## PROBLEM REQUIREMENTS
Filter the entries below, keeping only lines with the word "example".

(Collected data)
[Start of Attachment]
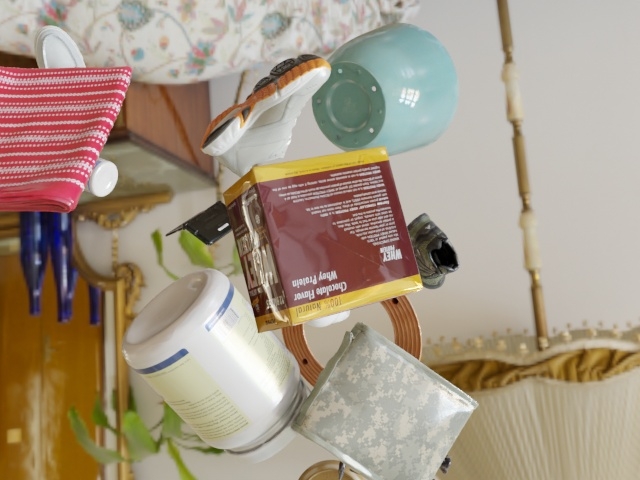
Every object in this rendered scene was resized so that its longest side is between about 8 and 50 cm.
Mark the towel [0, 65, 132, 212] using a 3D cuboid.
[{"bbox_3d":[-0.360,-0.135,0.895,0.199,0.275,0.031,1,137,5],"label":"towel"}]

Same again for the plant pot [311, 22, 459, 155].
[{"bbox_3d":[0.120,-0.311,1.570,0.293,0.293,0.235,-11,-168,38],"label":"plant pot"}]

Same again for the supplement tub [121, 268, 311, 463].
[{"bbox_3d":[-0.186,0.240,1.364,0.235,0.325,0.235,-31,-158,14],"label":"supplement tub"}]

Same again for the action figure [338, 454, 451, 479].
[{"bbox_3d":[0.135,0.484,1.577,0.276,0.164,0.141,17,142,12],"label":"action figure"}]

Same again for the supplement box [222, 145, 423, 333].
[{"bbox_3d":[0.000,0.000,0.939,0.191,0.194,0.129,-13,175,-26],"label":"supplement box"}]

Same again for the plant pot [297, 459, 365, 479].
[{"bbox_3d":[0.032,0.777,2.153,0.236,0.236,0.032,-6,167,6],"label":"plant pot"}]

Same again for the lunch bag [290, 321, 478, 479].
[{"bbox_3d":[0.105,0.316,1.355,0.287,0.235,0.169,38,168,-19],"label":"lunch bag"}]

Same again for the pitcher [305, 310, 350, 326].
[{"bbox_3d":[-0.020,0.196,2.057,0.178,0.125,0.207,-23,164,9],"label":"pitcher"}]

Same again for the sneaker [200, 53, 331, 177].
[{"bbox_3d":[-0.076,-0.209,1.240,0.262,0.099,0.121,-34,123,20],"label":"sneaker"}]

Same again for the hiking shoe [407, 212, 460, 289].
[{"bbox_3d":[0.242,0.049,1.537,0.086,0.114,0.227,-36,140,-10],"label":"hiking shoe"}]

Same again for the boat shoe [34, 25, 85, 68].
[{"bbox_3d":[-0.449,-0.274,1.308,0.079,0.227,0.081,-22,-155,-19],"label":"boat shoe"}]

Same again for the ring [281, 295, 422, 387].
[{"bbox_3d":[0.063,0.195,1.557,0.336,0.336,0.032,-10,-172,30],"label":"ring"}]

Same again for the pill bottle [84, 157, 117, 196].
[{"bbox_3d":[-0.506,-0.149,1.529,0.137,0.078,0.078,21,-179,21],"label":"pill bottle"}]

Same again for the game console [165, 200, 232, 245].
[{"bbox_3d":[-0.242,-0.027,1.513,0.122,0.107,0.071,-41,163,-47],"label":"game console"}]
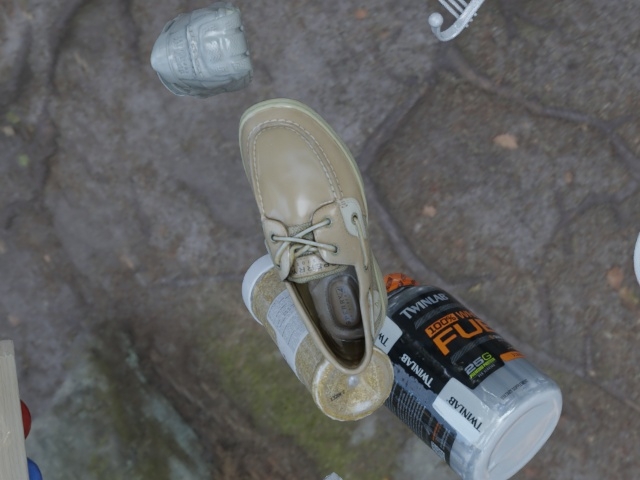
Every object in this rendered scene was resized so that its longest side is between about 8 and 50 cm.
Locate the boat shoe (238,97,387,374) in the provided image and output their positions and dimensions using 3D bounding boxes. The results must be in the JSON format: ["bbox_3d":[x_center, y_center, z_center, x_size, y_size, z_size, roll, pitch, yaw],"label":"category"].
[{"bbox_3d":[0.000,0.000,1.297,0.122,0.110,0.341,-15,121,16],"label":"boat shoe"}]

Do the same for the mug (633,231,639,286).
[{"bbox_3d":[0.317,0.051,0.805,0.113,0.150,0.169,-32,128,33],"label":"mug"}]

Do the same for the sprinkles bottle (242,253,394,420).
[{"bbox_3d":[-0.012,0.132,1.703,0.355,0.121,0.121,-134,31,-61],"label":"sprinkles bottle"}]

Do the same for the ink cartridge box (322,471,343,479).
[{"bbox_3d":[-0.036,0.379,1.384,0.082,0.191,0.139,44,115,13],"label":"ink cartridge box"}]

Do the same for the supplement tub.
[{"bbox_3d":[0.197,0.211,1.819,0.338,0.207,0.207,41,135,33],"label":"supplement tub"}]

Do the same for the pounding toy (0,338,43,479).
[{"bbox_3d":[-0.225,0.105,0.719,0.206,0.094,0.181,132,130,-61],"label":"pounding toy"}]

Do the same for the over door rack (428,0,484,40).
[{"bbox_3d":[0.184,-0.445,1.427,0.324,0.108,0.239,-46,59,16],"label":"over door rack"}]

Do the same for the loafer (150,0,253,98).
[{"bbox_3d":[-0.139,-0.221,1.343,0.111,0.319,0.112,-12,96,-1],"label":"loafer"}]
[End of Attachment]
[Start of Attachment]
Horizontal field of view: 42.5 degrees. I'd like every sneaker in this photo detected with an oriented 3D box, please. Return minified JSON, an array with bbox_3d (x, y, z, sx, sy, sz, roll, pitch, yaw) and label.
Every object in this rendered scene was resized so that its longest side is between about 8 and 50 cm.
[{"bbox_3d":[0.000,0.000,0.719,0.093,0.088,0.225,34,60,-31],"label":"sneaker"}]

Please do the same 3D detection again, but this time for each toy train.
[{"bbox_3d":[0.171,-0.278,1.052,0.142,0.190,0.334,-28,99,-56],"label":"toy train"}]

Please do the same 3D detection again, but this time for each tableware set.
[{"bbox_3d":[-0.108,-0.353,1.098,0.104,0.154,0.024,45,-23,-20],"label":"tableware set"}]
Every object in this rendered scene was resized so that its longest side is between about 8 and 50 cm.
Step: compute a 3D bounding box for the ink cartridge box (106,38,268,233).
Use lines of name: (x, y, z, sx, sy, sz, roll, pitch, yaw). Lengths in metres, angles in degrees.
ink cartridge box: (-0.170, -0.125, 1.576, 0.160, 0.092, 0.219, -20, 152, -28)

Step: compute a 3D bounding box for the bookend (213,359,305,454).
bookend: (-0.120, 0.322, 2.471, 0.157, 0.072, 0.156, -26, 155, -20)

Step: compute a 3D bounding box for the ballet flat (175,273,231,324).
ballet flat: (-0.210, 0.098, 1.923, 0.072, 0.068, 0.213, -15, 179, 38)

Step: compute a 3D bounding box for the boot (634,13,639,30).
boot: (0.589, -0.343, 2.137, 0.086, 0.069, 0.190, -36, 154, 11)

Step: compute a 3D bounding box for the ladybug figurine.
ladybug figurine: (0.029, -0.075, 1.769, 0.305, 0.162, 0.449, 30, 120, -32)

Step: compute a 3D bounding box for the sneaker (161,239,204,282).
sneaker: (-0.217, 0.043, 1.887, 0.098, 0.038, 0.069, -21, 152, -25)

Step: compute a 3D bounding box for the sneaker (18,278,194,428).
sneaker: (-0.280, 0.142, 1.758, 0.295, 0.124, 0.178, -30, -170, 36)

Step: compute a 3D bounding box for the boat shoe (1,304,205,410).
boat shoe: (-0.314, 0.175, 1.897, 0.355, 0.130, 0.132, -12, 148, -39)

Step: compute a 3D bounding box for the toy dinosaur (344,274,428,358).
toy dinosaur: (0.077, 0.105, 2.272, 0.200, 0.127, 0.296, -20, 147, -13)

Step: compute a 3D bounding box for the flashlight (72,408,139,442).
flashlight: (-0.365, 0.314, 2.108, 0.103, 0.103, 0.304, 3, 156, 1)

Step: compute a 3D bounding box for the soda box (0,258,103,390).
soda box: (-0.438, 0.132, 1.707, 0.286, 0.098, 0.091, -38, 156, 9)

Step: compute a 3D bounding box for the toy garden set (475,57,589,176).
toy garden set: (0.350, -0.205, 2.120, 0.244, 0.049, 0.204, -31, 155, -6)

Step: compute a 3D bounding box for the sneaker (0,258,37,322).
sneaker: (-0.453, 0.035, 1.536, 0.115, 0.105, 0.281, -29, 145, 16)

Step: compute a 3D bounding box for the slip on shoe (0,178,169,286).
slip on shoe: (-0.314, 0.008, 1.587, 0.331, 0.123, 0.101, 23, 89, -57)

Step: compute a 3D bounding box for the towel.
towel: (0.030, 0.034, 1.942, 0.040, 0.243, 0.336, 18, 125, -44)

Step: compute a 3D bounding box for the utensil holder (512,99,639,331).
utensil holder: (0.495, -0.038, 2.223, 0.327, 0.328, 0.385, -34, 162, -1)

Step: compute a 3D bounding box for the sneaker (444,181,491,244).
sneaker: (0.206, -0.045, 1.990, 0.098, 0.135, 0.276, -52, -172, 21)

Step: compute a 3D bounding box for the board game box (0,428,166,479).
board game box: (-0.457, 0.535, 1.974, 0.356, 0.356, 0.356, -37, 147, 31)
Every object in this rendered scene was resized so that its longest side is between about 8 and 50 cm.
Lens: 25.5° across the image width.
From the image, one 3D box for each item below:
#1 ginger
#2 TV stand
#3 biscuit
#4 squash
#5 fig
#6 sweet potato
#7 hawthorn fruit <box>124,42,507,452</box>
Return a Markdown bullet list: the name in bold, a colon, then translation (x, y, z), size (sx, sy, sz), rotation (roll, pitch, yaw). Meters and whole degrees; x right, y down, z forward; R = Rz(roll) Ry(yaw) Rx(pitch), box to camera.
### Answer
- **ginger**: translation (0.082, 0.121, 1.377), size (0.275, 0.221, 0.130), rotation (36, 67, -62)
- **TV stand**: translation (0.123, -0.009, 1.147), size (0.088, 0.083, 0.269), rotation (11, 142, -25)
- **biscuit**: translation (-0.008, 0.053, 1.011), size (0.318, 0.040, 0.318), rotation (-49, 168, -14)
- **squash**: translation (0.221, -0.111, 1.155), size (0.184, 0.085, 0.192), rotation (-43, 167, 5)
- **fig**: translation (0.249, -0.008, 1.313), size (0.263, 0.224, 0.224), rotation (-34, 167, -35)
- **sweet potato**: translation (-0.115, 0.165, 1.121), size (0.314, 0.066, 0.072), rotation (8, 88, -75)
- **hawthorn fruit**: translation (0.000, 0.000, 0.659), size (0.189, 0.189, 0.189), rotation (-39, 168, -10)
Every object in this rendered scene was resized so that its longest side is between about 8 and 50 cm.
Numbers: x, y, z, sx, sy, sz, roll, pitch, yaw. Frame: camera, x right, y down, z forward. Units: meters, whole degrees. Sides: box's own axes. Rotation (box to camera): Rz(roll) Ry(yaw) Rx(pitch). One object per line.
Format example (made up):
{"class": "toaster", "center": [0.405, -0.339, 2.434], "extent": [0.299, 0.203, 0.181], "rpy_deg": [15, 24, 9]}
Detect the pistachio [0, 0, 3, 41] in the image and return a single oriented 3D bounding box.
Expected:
[End of Attachment]
[Start of Attachment]
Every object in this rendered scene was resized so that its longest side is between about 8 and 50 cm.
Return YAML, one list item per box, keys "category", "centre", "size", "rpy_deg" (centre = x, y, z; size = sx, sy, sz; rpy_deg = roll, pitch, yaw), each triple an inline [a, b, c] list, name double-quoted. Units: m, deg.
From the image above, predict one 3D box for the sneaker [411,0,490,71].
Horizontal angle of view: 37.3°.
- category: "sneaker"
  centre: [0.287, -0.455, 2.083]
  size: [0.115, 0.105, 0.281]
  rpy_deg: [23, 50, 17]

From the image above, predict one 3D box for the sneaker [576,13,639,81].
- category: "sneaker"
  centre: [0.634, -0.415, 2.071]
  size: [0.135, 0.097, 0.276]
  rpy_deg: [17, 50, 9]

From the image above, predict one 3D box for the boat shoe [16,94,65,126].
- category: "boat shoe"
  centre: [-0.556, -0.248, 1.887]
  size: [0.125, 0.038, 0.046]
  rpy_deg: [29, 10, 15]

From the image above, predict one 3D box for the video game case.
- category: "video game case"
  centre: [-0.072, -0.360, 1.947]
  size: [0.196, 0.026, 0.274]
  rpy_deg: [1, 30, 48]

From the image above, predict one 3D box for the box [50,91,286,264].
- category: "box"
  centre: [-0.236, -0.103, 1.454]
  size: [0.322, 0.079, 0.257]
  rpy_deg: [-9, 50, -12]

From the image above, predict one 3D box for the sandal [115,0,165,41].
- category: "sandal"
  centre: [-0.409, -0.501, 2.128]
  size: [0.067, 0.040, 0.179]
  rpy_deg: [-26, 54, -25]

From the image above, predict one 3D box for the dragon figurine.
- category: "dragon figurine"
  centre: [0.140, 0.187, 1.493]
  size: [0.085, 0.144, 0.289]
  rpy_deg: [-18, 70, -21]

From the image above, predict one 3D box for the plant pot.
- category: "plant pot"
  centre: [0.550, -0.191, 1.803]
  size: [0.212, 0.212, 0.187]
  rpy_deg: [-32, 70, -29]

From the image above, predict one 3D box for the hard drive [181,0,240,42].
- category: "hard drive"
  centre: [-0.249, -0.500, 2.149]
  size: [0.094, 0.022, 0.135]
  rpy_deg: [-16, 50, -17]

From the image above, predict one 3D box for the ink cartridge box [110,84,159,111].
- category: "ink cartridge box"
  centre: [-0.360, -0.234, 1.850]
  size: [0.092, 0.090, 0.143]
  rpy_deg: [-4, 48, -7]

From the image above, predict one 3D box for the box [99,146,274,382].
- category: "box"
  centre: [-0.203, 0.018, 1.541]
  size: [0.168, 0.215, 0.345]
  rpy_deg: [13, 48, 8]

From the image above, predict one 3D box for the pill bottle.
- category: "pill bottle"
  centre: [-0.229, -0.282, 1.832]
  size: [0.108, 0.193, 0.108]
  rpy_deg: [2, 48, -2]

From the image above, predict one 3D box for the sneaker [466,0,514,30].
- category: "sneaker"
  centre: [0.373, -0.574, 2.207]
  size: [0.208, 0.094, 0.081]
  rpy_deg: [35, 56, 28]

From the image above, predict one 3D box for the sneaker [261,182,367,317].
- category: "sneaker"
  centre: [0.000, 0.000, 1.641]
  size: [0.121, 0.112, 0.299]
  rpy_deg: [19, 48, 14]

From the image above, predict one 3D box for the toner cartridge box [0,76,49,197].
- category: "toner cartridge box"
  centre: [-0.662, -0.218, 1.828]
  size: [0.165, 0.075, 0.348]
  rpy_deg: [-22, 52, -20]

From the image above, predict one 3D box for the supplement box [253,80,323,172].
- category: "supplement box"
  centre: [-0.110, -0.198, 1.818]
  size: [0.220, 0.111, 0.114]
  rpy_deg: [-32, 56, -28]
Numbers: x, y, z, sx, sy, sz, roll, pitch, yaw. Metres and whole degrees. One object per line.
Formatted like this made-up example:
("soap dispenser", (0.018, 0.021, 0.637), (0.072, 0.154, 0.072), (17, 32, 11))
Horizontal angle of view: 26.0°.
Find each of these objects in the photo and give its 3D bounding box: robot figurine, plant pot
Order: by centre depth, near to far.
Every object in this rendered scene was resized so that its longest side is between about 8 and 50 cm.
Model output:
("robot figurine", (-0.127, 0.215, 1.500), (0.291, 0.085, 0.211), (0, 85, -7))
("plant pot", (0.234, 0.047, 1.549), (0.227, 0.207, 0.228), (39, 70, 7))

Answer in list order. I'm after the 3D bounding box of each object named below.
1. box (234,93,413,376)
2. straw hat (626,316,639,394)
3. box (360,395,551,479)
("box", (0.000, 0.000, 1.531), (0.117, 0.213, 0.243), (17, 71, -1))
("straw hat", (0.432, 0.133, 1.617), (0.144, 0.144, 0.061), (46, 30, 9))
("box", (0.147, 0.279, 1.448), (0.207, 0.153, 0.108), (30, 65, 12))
[End of Attachment]
## RESULT OF THE EXERCISE
Format example (made up):
Formatted like this made-up example:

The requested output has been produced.